* **Work to be completed**: Restate the records that follow word for word. Omit the images.

[Data records]
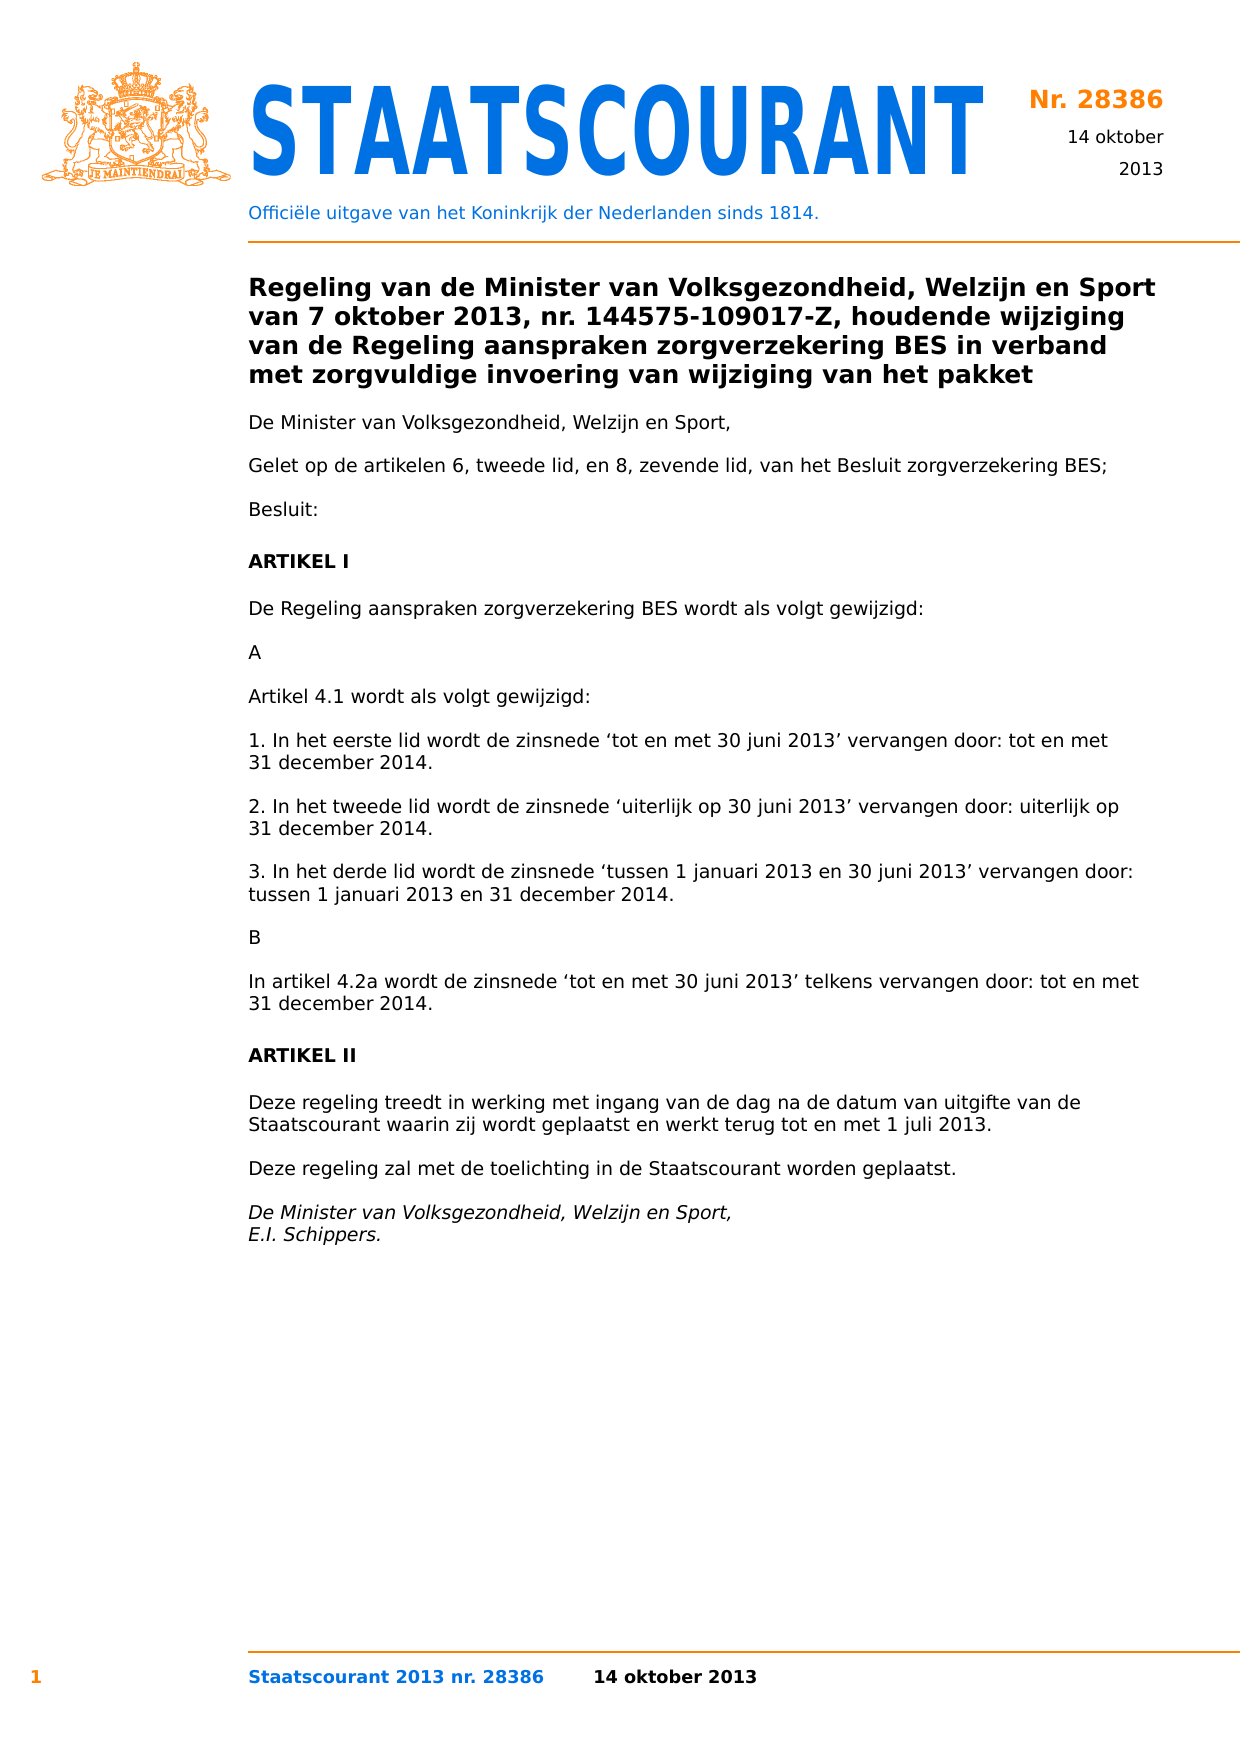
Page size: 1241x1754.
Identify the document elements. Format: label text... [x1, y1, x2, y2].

table_cell 2013 [998, 153, 1240, 203]
text Deze regeling zal met de toelichting in de Staatscourant worden geplaatst. [248, 1158, 1163, 1180]
text A [248, 642, 1163, 664]
text 2. In het tweede lid wordt de zinsnede ‘uiterlijk op 30 juni 2013’ vervangen door: uiterlijk op 31 december 2014. [248, 796, 1163, 839]
table_header Nr. 28386 [998, 62, 1240, 121]
text Deze regeling treedt in werking met ingang van de dag na de datum van uitgifte van de Staatscourant waarin zij wordt geplaatst en werkt terug tot en met 1 juli 2013. [248, 1092, 1163, 1136]
table_cell Officiële uitgave van het Koninkrijk der Nederlanden sinds 1814. [248, 203, 1240, 241]
text B [248, 927, 1163, 949]
text 3. In het derde lid wordt de zinsnede ‘tussen 1 januari 2013 en 30 juni 2013’ vervangen door: tussen 1 januari 2013 en 31 december 2014. [248, 861, 1163, 905]
text In artikel 4.2a wordt de zinsnede ‘tot en met 30 juni 2013’ telkens vervangen door: tot en met 31 december 2014. [248, 971, 1163, 1015]
table_cell 14 oktober [998, 121, 1240, 153]
text De Minister van Volksgezondheid, Welzijn en Sport, [248, 412, 1163, 433]
subtitle ARTIKEL II [248, 1045, 1163, 1067]
text 1. In het eerste lid wordt de zinsnede ‘tot en met 30 juni 2013’ vervangen door: tot en met 31 december 2014. [248, 730, 1163, 774]
subtitle Regeling van de Minister van Volksgezondheid, Welzijn en Sport van 7 oktober 2013, nr. 144575-109017-Z, houdende wijziging van de Regeling aanspraken zorgverzekering BES in verband met zorgvuldige invoering van wijziging van het pakket [248, 273, 1163, 390]
table_header STAATSCOURANT [248, 62, 998, 203]
text Gelet op de artikelen 6, tweede lid, en 8, zevende lid, van het Besluit zorgverzekering BES; [248, 455, 1163, 477]
table_header [25, 62, 248, 241]
text Besluit: [248, 499, 1163, 521]
text Artikel 4.1 wordt als volgt gewijzigd: [248, 686, 1163, 708]
picture [41, 62, 231, 186]
subtitle ARTIKEL I [248, 551, 1163, 573]
text De Minister van Volksgezondheid, Welzijn en Sport, E.I. Schippers. [248, 1202, 1163, 1246]
text De Regeling aanspraken zorgverzekering BES wordt als volgt gewijzigd: [248, 598, 1163, 620]
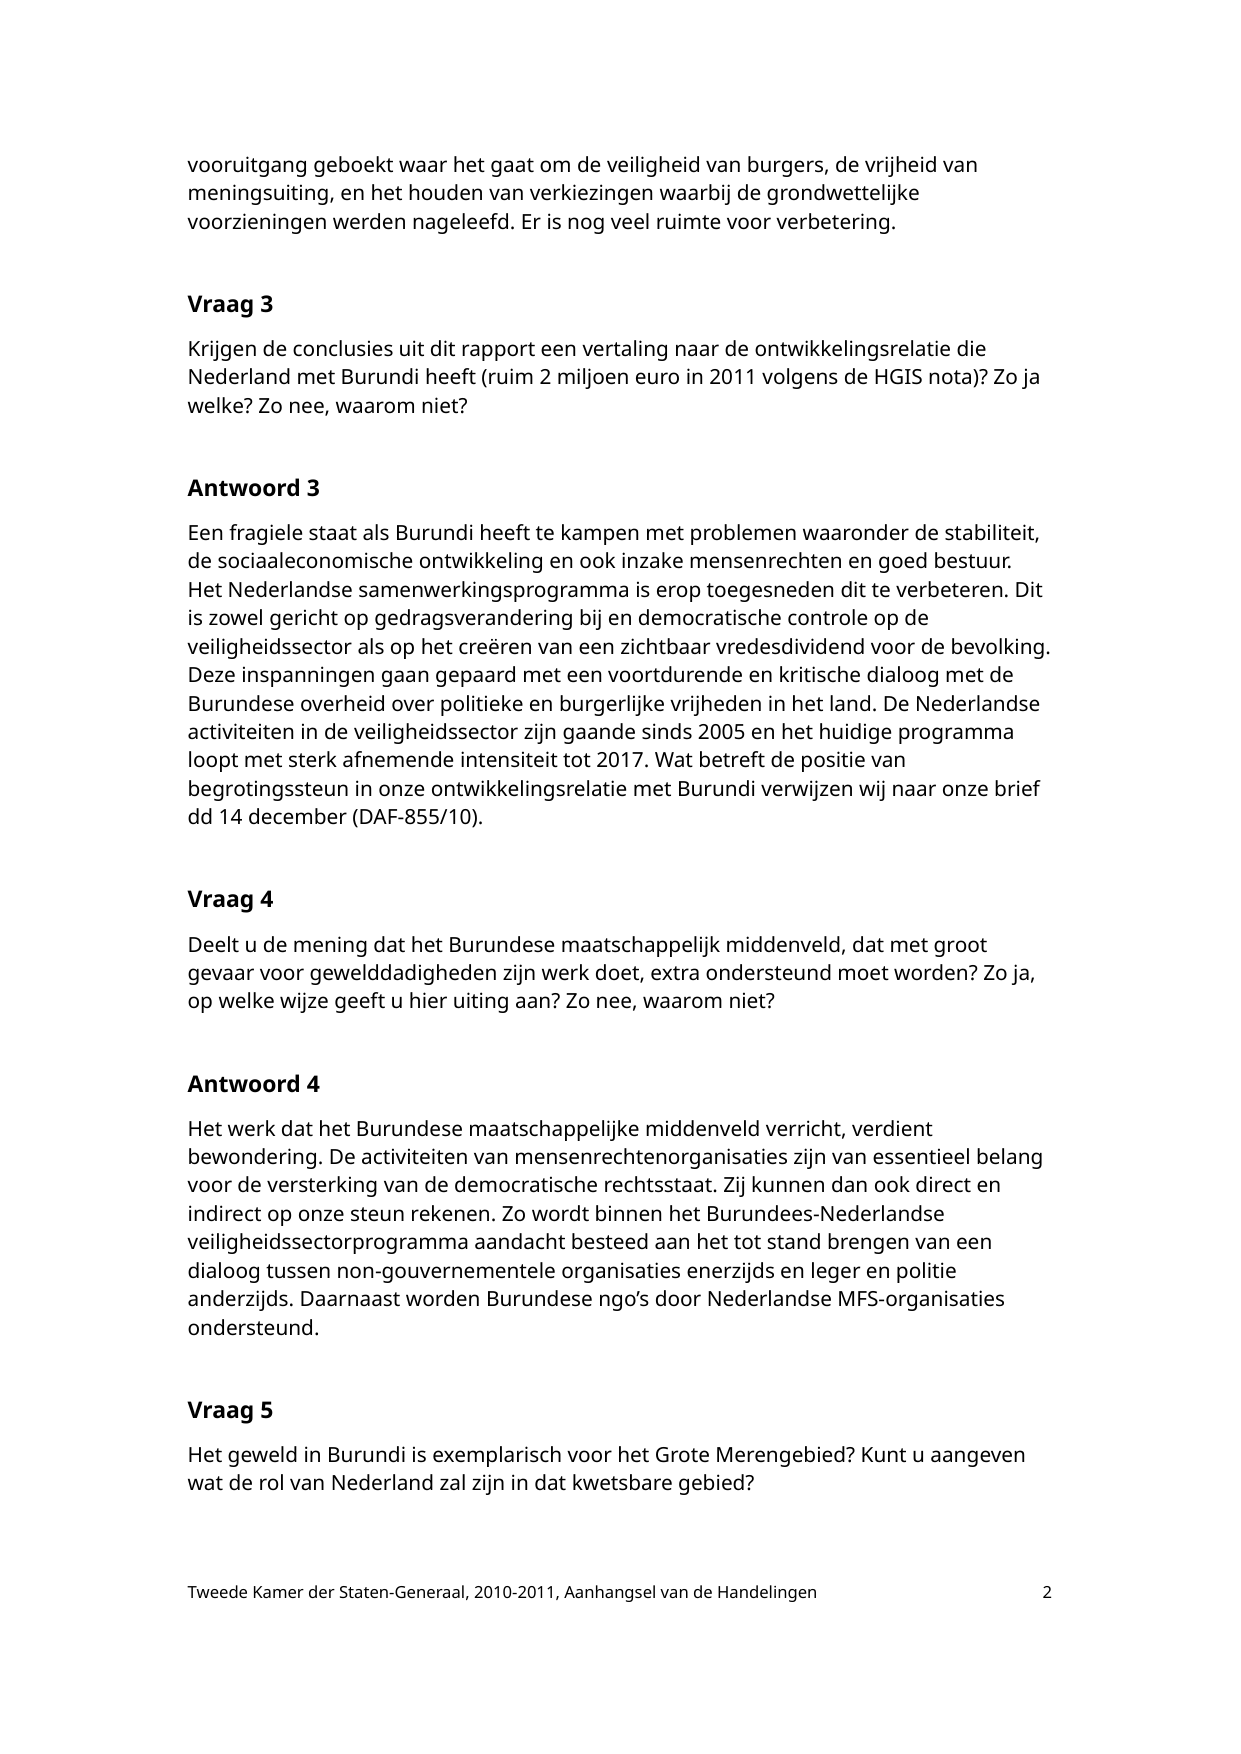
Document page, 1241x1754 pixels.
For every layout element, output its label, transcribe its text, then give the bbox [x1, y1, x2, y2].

subtitle Vraag 3 [187, 288, 1053, 319]
text vooruitgang geboekt waar het gaat om de veiligheid van burgers, de vrijheid van meningsuiting, en het houden van verkiezingen waarbij de grondwettelijke voorzieningen werden nageleefd. Er is nog veel ruimte voor verbetering. [187, 150, 1053, 235]
text Krijgen de conclusies uit dit rapport een vertaling naar de ontwikkelingsrelatie die Nederland met Burundi heeft (ruim 2 miljoen euro in 2011 volgens de HGIS nota)? Zo ja welke? Zo nee, waarom niet? [187, 334, 1053, 419]
text Het geweld in Burundi is exemplarisch voor het Grote Merengebied? Kunt u aangeven wat de rol van Nederland zal zijn in dat kwetsbare gebied? [187, 1440, 1053, 1497]
subtitle Antwoord 3 [187, 472, 1053, 503]
text Een fragiele staat als Burundi heeft te kampen met problemen waaronder de stabiliteit, de sociaaleconomische ontwikkeling en ook inzake mensenrechten en goed bestuur. Het Nederlandse samenwerkingsprogramma is erop toegesneden dit te verbeteren. Dit is zowel gericht op gedragsverandering bij en democratische controle op de veiligheidssector als op het creëren van een zichtbaar vredesdividend voor de bevolking. Deze inspanningen gaan gepaard met een voortdurende en kritische dialoog met de Burundese overheid over politieke en burgerlijke vrijheden in het land. De Nederlandse activiteiten in de veiligheidssector zijn gaande sinds 2005 en het huidige programma loopt met sterk afnemende intensiteit tot 2017. Wat betreft de positie van begrotingssteun in onze ontwikkelingsrelatie met Burundi verwijzen wij naar onze brief dd 14 december (DAF-855/10). [187, 518, 1053, 831]
subtitle Vraag 4 [187, 883, 1053, 915]
text Deelt u de mening dat het Burundese maatschappelijk middenveld, dat met groot gevaar voor gewelddadigheden zijn werk doet, extra ondersteund moet worden? Zo ja, op welke wijze geeft u hier uiting aan? Zo nee, waarom niet? [187, 930, 1053, 1015]
subtitle Antwoord 4 [187, 1067, 1053, 1099]
text Het werk dat het Burundese maatschappelijke middenveld verricht, verdient bewondering. De activiteiten van mensenrechtenorganisaties zijn van essentieel belang voor de versterking van de democratische rechtsstaat. Zij kunnen dan ook direct en indirect op onze steun rekenen. Zo wordt binnen het Burundees-Nederlandse veiligheidssectorprogramma aandacht besteed aan het tot stand brengen van een dialoog tussen non-gouvernementele organisaties enerzijds en leger en politie anderzijds. Daarnaast worden Burundese ngo’s door Nederlandse MFS-organisaties ondersteund. [187, 1114, 1053, 1341]
subtitle Vraag 5 [187, 1394, 1053, 1425]

* **Expected answer**:
Page size: 1241x1754.
Identify the document elements. Format: label text... [x1, y1, x2, y2].

table_cell 2013 [998, 153, 1240, 203]
text Deze regeling zal met de toelichting in de Staatscourant worden geplaatst. [248, 1158, 1163, 1180]
text A [248, 642, 1163, 664]
text 2. In het tweede lid wordt de zinsnede ‘uiterlijk op 30 juni 2013’ vervangen door: uiterlijk op 31 december 2014. [248, 796, 1163, 839]
table_header Nr. 28386 [998, 62, 1240, 121]
text Deze regeling treedt in werking met ingang van de dag na de datum van uitgifte van de Staatscourant waarin zij wordt geplaatst en werkt terug tot en met 1 juli 2013. [248, 1092, 1163, 1136]
table_cell Officiële uitgave van het Koninkrijk der Nederlanden sinds 1814. [248, 203, 1240, 241]
text B [248, 927, 1163, 949]
text 3. In het derde lid wordt de zinsnede ‘tussen 1 januari 2013 en 30 juni 2013’ vervangen door: tussen 1 januari 2013 en 31 december 2014. [248, 861, 1163, 905]
text In artikel 4.2a wordt de zinsnede ‘tot en met 30 juni 2013’ telkens vervangen door: tot en met 31 december 2014. [248, 971, 1163, 1015]
table_cell 14 oktober [998, 121, 1240, 153]
text De Minister van Volksgezondheid, Welzijn en Sport, [248, 412, 1163, 433]
subtitle ARTIKEL II [248, 1045, 1163, 1067]
text 1. In het eerste lid wordt de zinsnede ‘tot en met 30 juni 2013’ vervangen door: tot en met 31 december 2014. [248, 730, 1163, 774]
subtitle Regeling van de Minister van Volksgezondheid, Welzijn en Sport van 7 oktober 2013, nr. 144575-109017-Z, houdende wijziging van de Regeling aanspraken zorgverzekering BES in verband met zorgvuldige invoering van wijziging van het pakket [248, 273, 1163, 390]
table_header STAATSCOURANT [248, 62, 998, 203]
text Gelet op de artikelen 6, tweede lid, en 8, zevende lid, van het Besluit zorgverzekering BES; [248, 455, 1163, 477]
table_header [25, 62, 248, 241]
text Besluit: [248, 499, 1163, 521]
text Artikel 4.1 wordt als volgt gewijzigd: [248, 686, 1163, 708]
picture [41, 62, 231, 186]
subtitle ARTIKEL I [248, 551, 1163, 573]
text De Minister van Volksgezondheid, Welzijn en Sport, E.I. Schippers. [248, 1202, 1163, 1246]
text De Regeling aanspraken zorgverzekering BES wordt als volgt gewijzigd: [248, 598, 1163, 620]
Document page, 1241x1754 pixels.
For every layout element, output its label, transcribe its text, then give the bbox [x1, y1, x2, y2].

subtitle Vraag 3 [187, 288, 1053, 319]
text vooruitgang geboekt waar het gaat om de veiligheid van burgers, de vrijheid van meningsuiting, en het houden van verkiezingen waarbij de grondwettelijke voorzieningen werden nageleefd. Er is nog veel ruimte voor verbetering. [187, 150, 1053, 235]
text Krijgen de conclusies uit dit rapport een vertaling naar de ontwikkelingsrelatie die Nederland met Burundi heeft (ruim 2 miljoen euro in 2011 volgens de HGIS nota)? Zo ja welke? Zo nee, waarom niet? [187, 334, 1053, 419]
text Het geweld in Burundi is exemplarisch voor het Grote Merengebied? Kunt u aangeven wat de rol van Nederland zal zijn in dat kwetsbare gebied? [187, 1440, 1053, 1497]
subtitle Antwoord 3 [187, 472, 1053, 503]
text Een fragiele staat als Burundi heeft te kampen met problemen waaronder de stabiliteit, de sociaaleconomische ontwikkeling en ook inzake mensenrechten en goed bestuur. Het Nederlandse samenwerkingsprogramma is erop toegesneden dit te verbeteren. Dit is zowel gericht op gedragsverandering bij en democratische controle op de veiligheidssector als op het creëren van een zichtbaar vredesdividend voor de bevolking. Deze inspanningen gaan gepaard met een voortdurende en kritische dialoog met de Burundese overheid over politieke en burgerlijke vrijheden in het land. De Nederlandse activiteiten in de veiligheidssector zijn gaande sinds 2005 en het huidige programma loopt met sterk afnemende intensiteit tot 2017. Wat betreft de positie van begrotingssteun in onze ontwikkelingsrelatie met Burundi verwijzen wij naar onze brief dd 14 december (DAF-855/10). [187, 518, 1053, 831]
subtitle Vraag 4 [187, 883, 1053, 915]
text Deelt u de mening dat het Burundese maatschappelijk middenveld, dat met groot gevaar voor gewelddadigheden zijn werk doet, extra ondersteund moet worden? Zo ja, op welke wijze geeft u hier uiting aan? Zo nee, waarom niet? [187, 930, 1053, 1015]
subtitle Antwoord 4 [187, 1067, 1053, 1099]
text Het werk dat het Burundese maatschappelijke middenveld verricht, verdient bewondering. De activiteiten van mensenrechtenorganisaties zijn van essentieel belang voor de versterking van de democratische rechtsstaat. Zij kunnen dan ook direct en indirect op onze steun rekenen. Zo wordt binnen het Burundees-Nederlandse veiligheidssectorprogramma aandacht besteed aan het tot stand brengen van een dialoog tussen non-gouvernementele organisaties enerzijds en leger en politie anderzijds. Daarnaast worden Burundese ngo’s door Nederlandse MFS-organisaties ondersteund. [187, 1114, 1053, 1341]
subtitle Vraag 5 [187, 1394, 1053, 1425]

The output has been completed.